We now train our model on `trainX_final` and `trainY_final` with treshold `0.1355` using scikit learn

In [None]:
logm = LogisticRegression().fit(trainX_final, trainY_final.values.ravel())

In [None]:
Y_test_probs=logm.predict_proba(validationX)[:,1]
threshold = 0.1355
Y_test_pred=np.where(Y_test_probs > threshold, 1, 0) #predict the classes for test data based on the threshold found via the validation data

In [None]:
from sklearn.metrics import confusion_matrix
print(confusion_matrix(testY,Y_test_pred))

# Part 4: Using CART decision trees for classification (time permitting - we will look at this in the tutorial)

There are other ways to perform classification, such as decision trees. While we won't talk a lot about the underlying theory (you will cover this in your machine learning class), they can be quite the powerful tool for classification (and, actually, also for prediction).

Compared to logistic regression, decision trees don't require any structural assumptions (remember, under logistic regression, we assume an exponential of a linear function). However, greater flexibility comes at a cost: there are a bunch more options to choose from when using those. For our purposes, we will concentrate on the `max_leaf_nodes`, which is usually the option with the biggest impact.

In [None]:
from sklearn.tree import DecisionTreeClassifier
import graphviz as gp
from sklearn.tree import export_graphviz

The usage in Python is quite intuitive - we only need to replace `LogisticRegression` with `DecisionTreeClassifier` (and define the `max_leaf_nodes`):

In [None]:
classifier_DT = DecisionTreeClassifier(max_leaf_nodes = 4)
classifier_DT.fit(trainX, trainY.values.ravel())

One of the major advantages of decision trees is that they are quite intuitive. Let's take a look:

In [None]:
dot_data = export_graphviz(classifier_DT, feature_names = trainX.columns, filled = True, rounded = True, class_names=["No exit","Exit"])
graph = gp.Source(dot_data)
graph

The usage is exactly as with the logistic regression. For example, we can get the probability of exit on the validation set:

In [None]:
Y_probs=classifier_DT.predict_proba(validationX)[:,1]

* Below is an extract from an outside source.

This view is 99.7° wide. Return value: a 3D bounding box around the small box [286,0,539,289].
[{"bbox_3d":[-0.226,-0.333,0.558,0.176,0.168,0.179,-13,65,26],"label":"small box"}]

We can also print the ROC curve:

In [None]:
from matplotlib import pyplot
fpr, tpr, thresholds = metrics.roc_curve(validationY,Y_probs)
pyplot.plot(fpr, tpr, linewidth=4)
plt.show()

Finally, we can find the AUC to measure the quality of the model. We could, for example, vary `max_leaf_nodes` to get a higher AUC:

In [None]:
roc_auc_score(validationY,Y_probs)

There are even more advanced classifiers, such as
```
from sklearn.ensemble import RandomForestClassifier
from sklearn.ensemble import GradientBoostingClassifier
```
They bring in better predictive power at the cost of higher parameter-setting complexity. But the usage is pretty much the same as for logistic regression and CART, so feel free to try it out.

# Exercise: FP and FN

Give everyday life examples where it would be preferable to (i) have false positives rather than false negatives, or (ii) have false negatives rather than false positives.